L’emploi d’armes chimiques dans les opérations militaires est associé dans la mémoire des peuples occidentaux aux terribles tragédies des deux grands conflits du XXème siècle. Les gaz de 14-18 ont tué près de cent mille personnes et en ont blessé près d’un million, qui en ont porté les stigmates longtemps après la fin des hostilités. Quant aux chambres à gaz de 39-45, elles sont loin d’être un « détail » de l’histoire, n’en déplaise à Jean-Marie Le Pen. Elles ont rendu particulièrement haïssable le souvenir des massacres dont elles ont été l’instrument. Voilà pourquoi sans doute le recours aux outils chimiques est devenu l’un des tabous du droit de la guerre, l’interdit majeur des guerres modernes.
Certains ont beau dire qu’il n’est pas plus acceptable de mourir sous un bombardement classique que d’être la cible d’agents toxiques, il n’empêche que l’armement chimique reste dans l’imaginaire collectif comme un signe de barbarie. Au-delà des réminiscences d’un passé douloureux, il est d’autant plus un objet d’horreur qu’il provoque la mort dans des conditions particulièrement atroces et que, de surcroît, il vise prioritairement les populations civiles. Consciente de la cruauté de ces gaz meurtriers, la communauté internationale a légiféré au XXème siècle pour tenter de les éliminer.
En 1925, le protocole de Genève, entré en vigueur en 1928, a prohibé l’usage des gaz asphyxiants, toxiques ou similaires, ainsi que les moyens bactériologiques.
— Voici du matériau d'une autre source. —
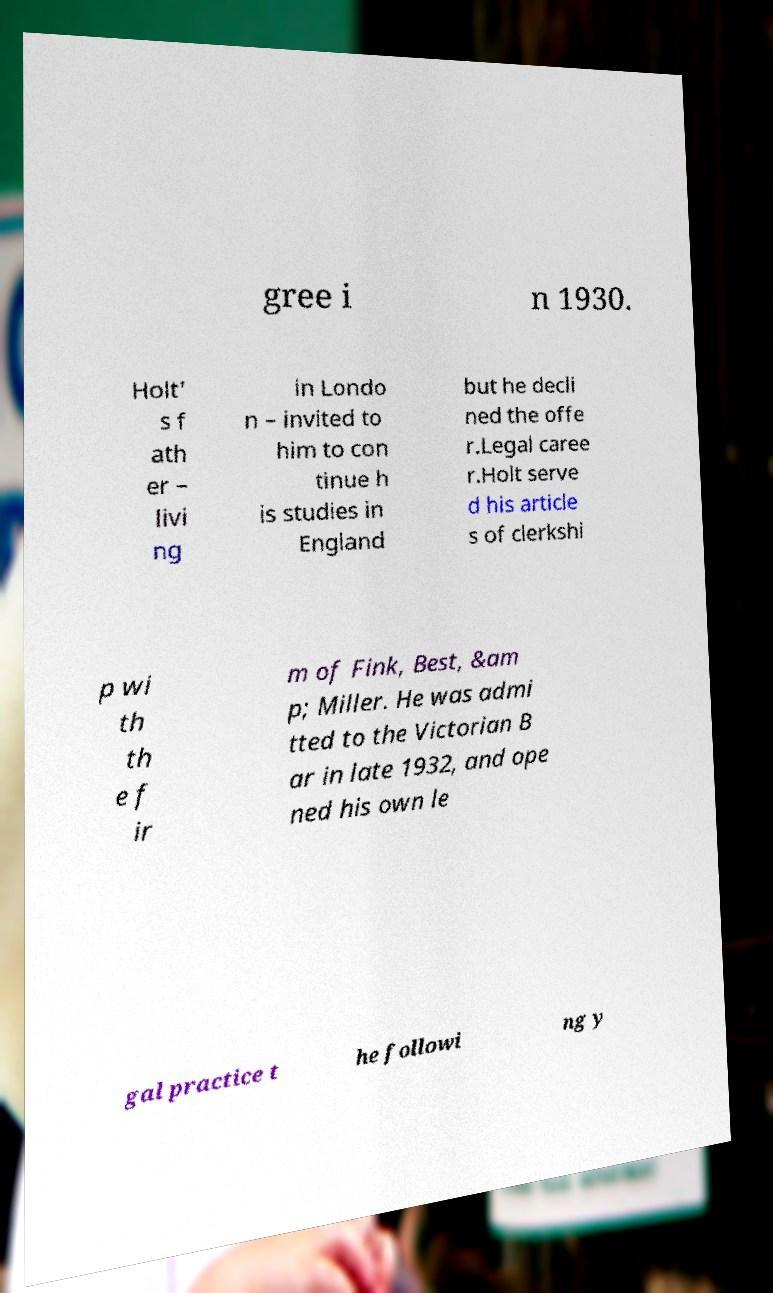Please read and relay the text visible in this image. What does it say? gree i n 1930. Holt' s f ath er – livi ng in Londo n – invited to him to con tinue h is studies in England but he decli ned the offe r.Legal caree r.Holt serve d his article s of clerkshi p wi th th e f ir m of Fink, Best, &am p; Miller. He was admi tted to the Victorian B ar in late 1932, and ope ned his own le gal practice t he followi ng y

Mais il n’en a interdit ni la production ni le stockage. Il n’a pas non plus prévu une procédure de vérification. Aussi ses effets ont-ils été limités. Ce n’est qu’en 1993 qu’un nouveau texte a été signé, la Convention sur l’interdiction des armes chimiques, entrée en vigueur en 1997. Une Convention sur l’interdiction des armes biologiques avait été signée en 1972 avant d’entrer en vigueur en 1975.
La Convention sur l’interdiction des armes chimiques demande l’interdiction complète de ces armes, prohibant leur mise au point, leur fabrication, leur stockage et leur usage. Elle ordonne la destruction des arsenaux existants. Elle crée une institution, l’Organisation pour l’interdiction des armes chimiques (OIAC) chargée de vérifier que les engagements pris sont tenus. La plupart des Etats ont souscrit à ces obligations mais il est clair que tous les stocks n’ont pas été détruits.
Le régime de Bachar al-Assad a usé plusieurs fois de telles armes contre ses compatriotes, à la fois pour accélérer la victoire de ses forces là où elles rencontraient des résistances et pour semer la terreur dans l’ensemble du pays. Il s’est donc exposé aux représailles des Occidentaux, qui avaient renoncé à intervenir en 2013 après une précédente attaque chimique mais qui, en 2018, ont décidé de mettre leurs menaces à exécution. Cette riposte était nécessaire. Elle n’avait pas pour but de renverser le régime de Damas, mais d’opposer un non catégorique à l’emploi des armes chimiques. Même si elle a été conduite sans l’aval du Conseil de sécurité des Nations unies, bloqué par le veto russe, elle peut légitimement se réclamer du respect du droit international.